WHAT YOU SHOULD DO = Leave every picture out and give back the lines below from the first through the line that holds "[0:00.0-0:12.0]", exactly as written.

[Records drawn from a dataset]
※ ※ ※
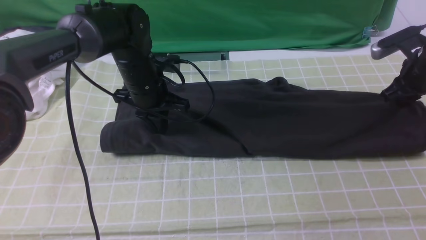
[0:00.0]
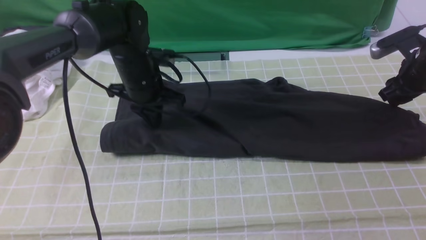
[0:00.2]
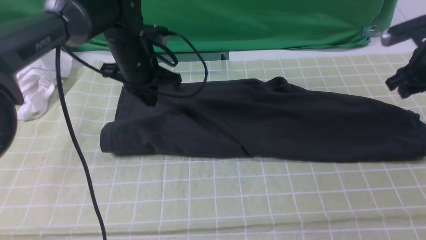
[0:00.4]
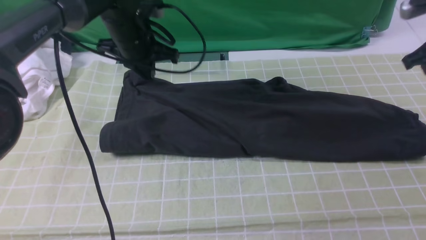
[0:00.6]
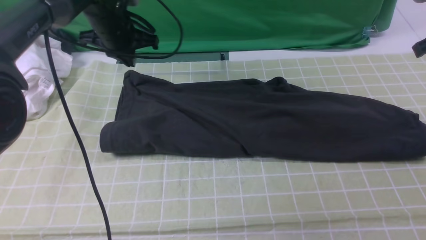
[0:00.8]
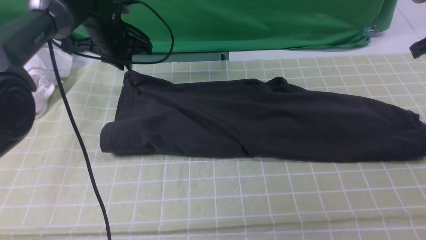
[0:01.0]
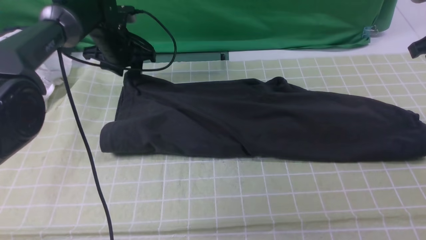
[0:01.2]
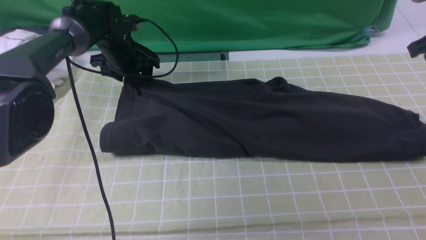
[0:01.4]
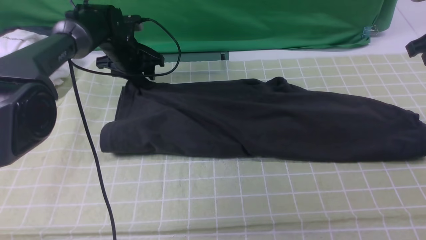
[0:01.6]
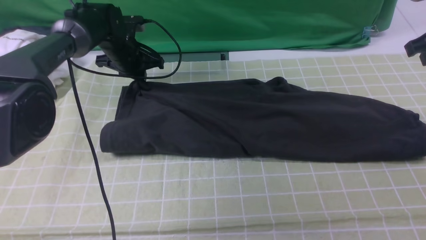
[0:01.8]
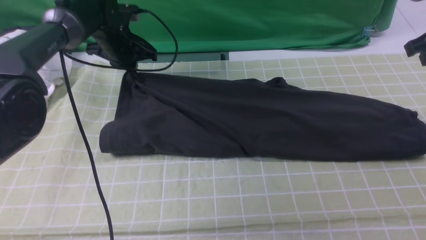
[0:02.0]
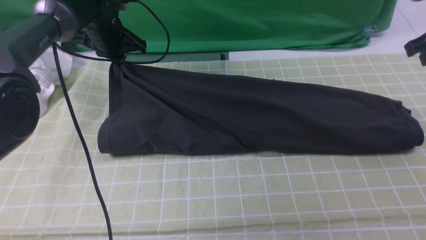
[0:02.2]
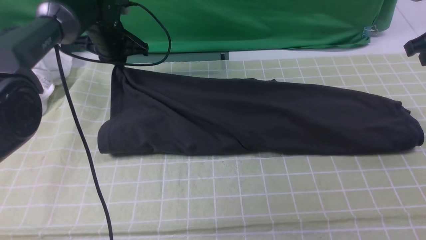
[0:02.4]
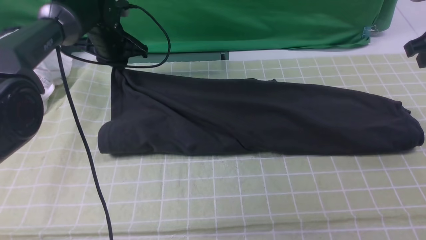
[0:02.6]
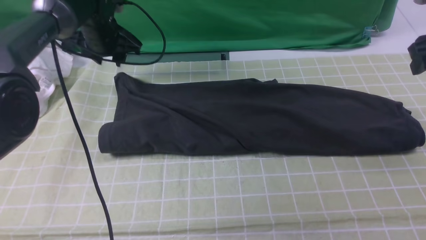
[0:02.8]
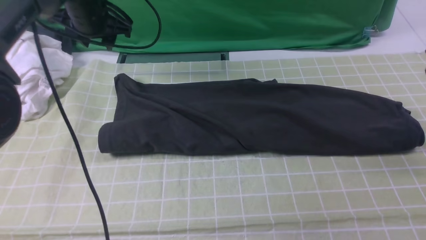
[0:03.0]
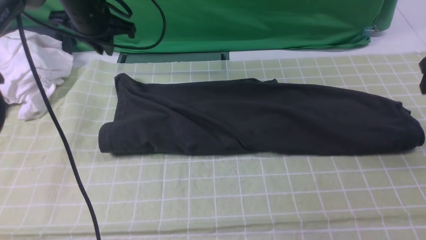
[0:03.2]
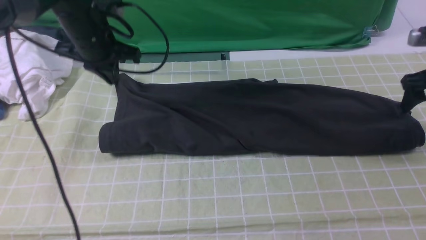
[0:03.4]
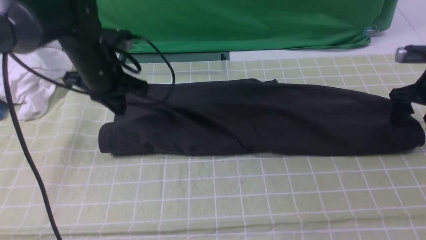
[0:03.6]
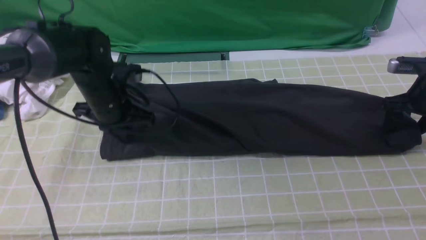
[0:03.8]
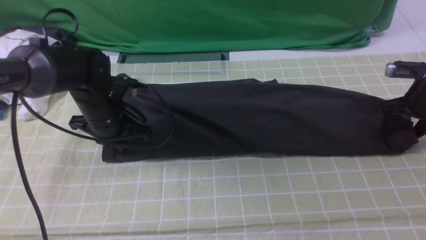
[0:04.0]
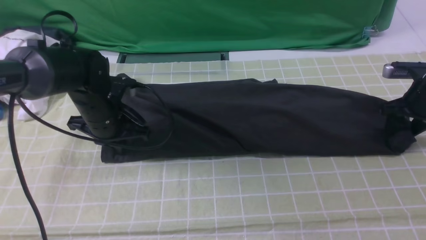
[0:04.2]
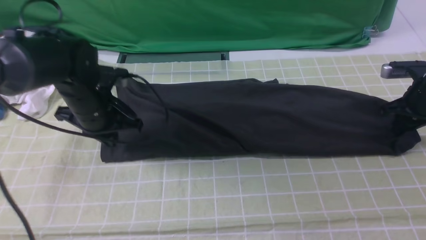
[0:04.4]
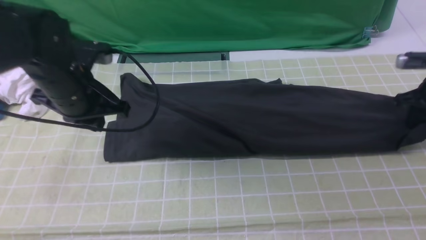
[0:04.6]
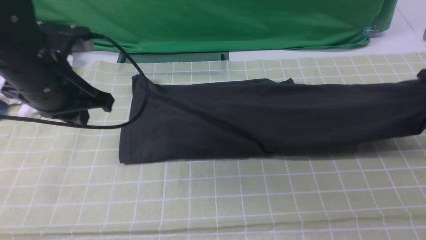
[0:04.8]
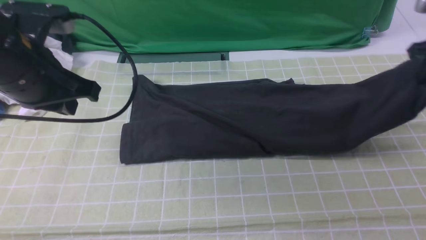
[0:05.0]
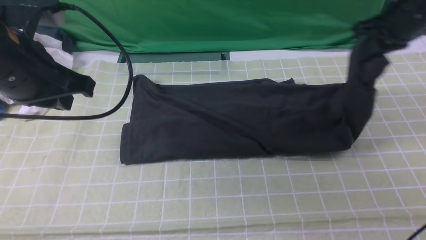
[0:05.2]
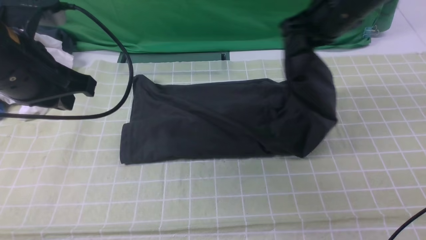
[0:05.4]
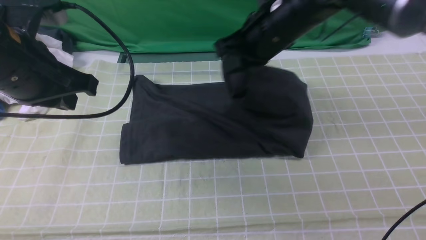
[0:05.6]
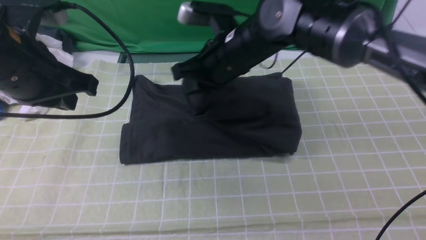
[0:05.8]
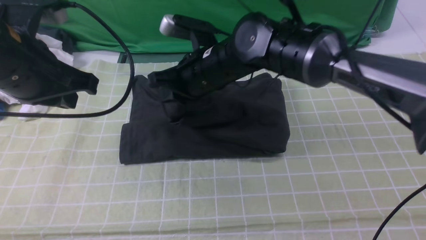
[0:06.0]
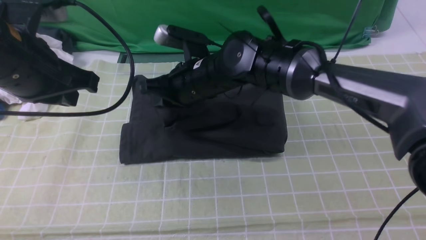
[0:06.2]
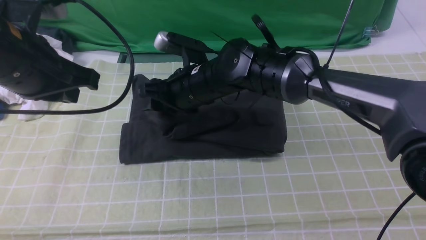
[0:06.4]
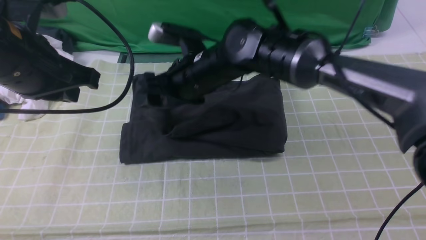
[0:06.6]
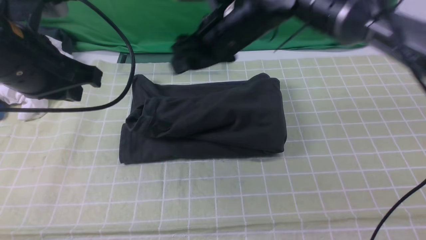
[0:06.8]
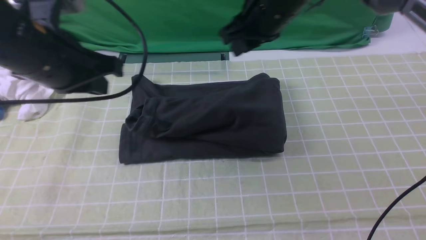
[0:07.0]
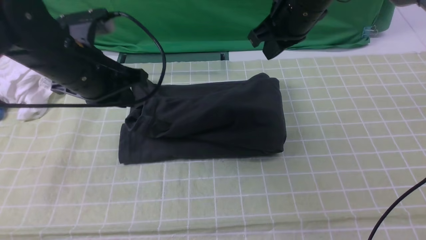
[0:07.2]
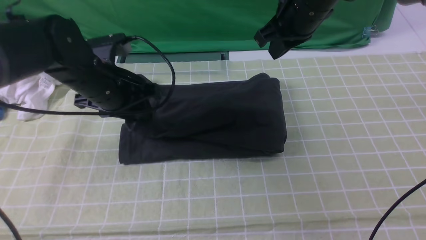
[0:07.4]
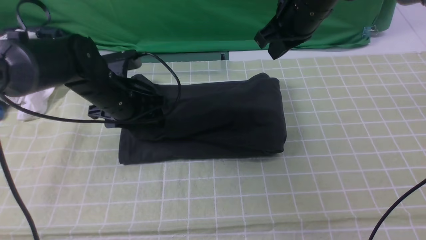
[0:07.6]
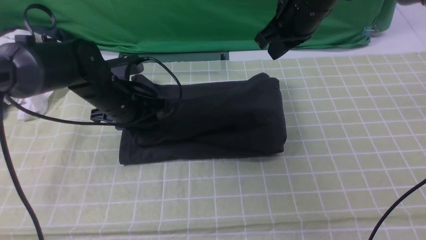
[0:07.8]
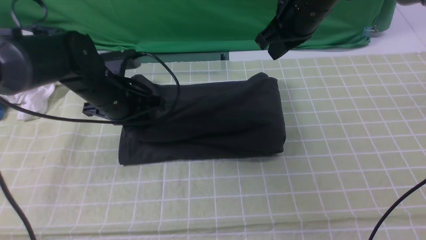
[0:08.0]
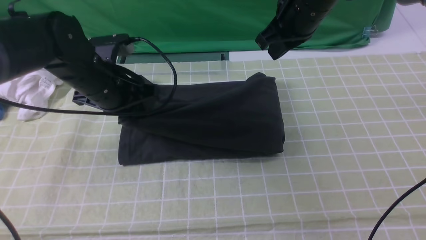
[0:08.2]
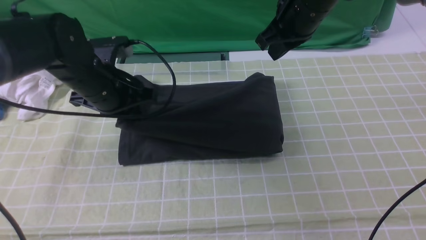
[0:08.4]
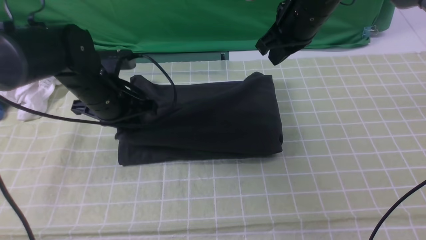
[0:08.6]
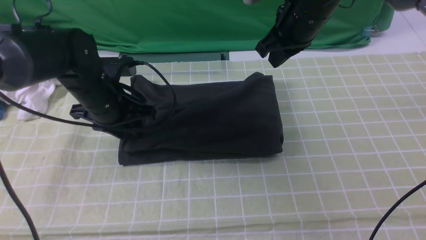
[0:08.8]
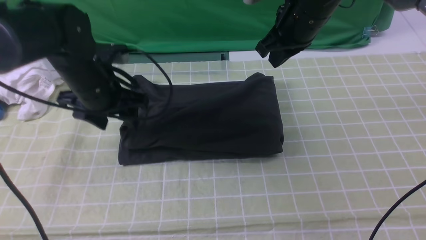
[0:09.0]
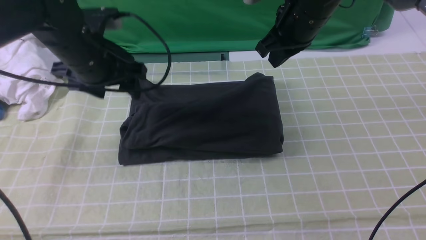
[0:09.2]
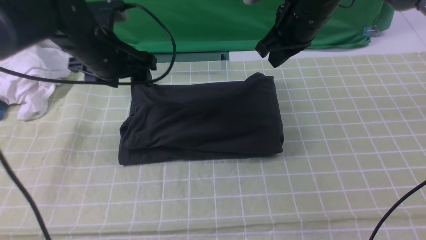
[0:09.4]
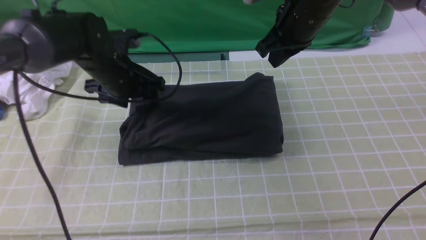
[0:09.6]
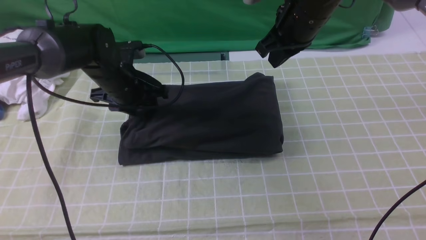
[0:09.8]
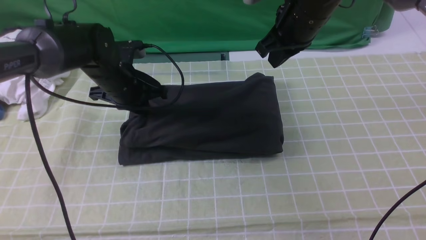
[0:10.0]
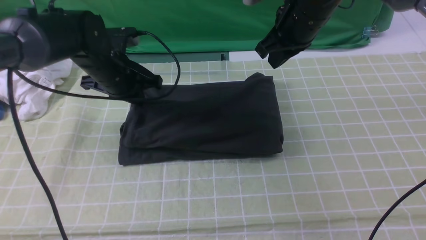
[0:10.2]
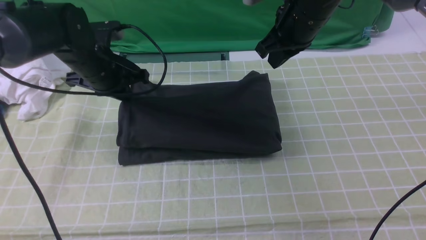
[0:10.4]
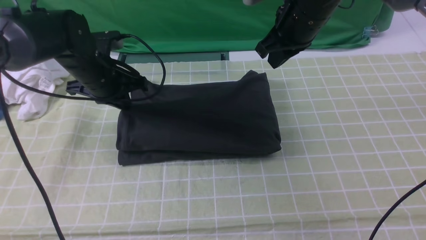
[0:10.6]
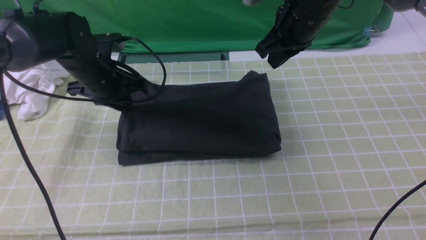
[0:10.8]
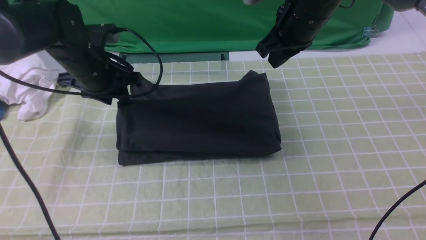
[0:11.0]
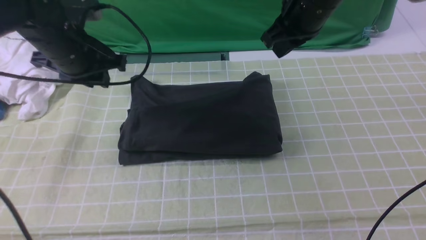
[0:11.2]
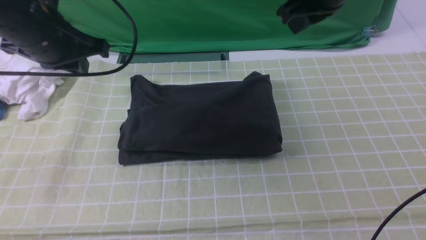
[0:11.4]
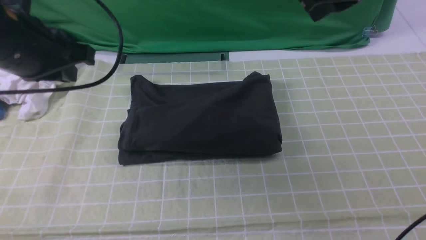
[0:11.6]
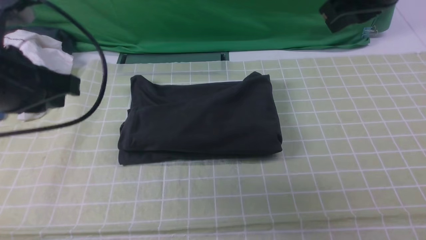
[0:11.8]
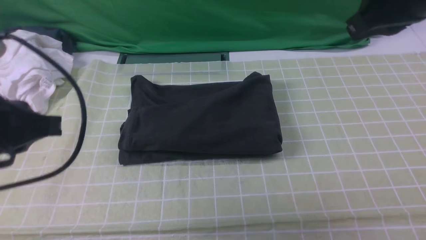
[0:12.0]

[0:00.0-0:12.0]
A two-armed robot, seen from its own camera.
Step, 0:00.0 to 0:04.4: use the right arm to clamp the right edge of the fabric.
Step, 0:04.6 to 0:06.8: use the right arm to drag the right edge of the fabric to the left and folds it over the left edge.
0:00.0 to 0:01.6: The right gripper shifts about 10 cm upward. The left gripper shifts approximately 15 cm forward and to the left, and opens up.
0:01.6 to 0:03.0: The left gripper travels upward by about 10 cm, and closes, then reopens. Meanwhile the right gripper opens.
0:03.0 to 0:04.4: The left gripper heads backward, covering about 15 cm, and closes, while the right gripper goes about 15 cm downward, and closes.
0:04.4 to 0:06.0: The left gripper goes about 15 cm upward and backward. The right gripper travels to the left by approximately 40 cm.
0:06.0 to 0:07.6: The left gripper heads downward and forward, covering about 20 cm, and opens its fingers, while the right gripper goes some 15 cm to the right and upward, and opens, then closes again.
0:07.6 to 0:09.0: The left gripper closes, then reopens.
0:09.0 to 0:10.4: The left gripper shifts by approximately 5 cm, and closes its fingers.
0:10.4 to 0:12.0: The left gripper is displaced backward and upward by some 25 cm, while the right gripper goes roughly 20 cm backward, upward and to the right.
※ ※ ※
COMPLETED EXERCISE =
[0:00.0]
[0:00.2]
[0:00.4]
[0:00.6]
[0:00.8]
[0:01.0]
[0:01.2]
[0:01.4]
[0:01.6]
[0:01.8]
[0:02.0]
[0:02.2]
[0:02.4]
[0:02.6]
[0:02.8]
[0:03.0]
[0:03.2]
[0:03.4]
[0:03.6]
[0:03.8]
[0:04.0]
[0:04.2]
[0:04.4]
[0:04.6]
[0:04.8]
[0:05.0]
[0:05.2]
[0:05.4]
[0:05.6]
[0:05.8]
[0:06.0]
[0:06.2]
[0:06.4]
[0:06.6]
[0:06.8]
[0:07.0]
[0:07.2]
[0:07.4]
[0:07.6]
[0:07.8]
[0:08.0]
[0:08.2]
[0:08.4]
[0:08.6]
[0:08.8]
[0:09.0]
[0:09.2]
[0:09.4]
[0:09.6]
[0:09.8]
[0:10.0]
[0:10.2]
[0:10.4]
[0:10.6]
[0:10.8]
[0:11.0]
[0:11.2]
[0:11.4]
[0:11.6]
[0:11.8]
[0:12.0]

[0:00.0-0:12.0]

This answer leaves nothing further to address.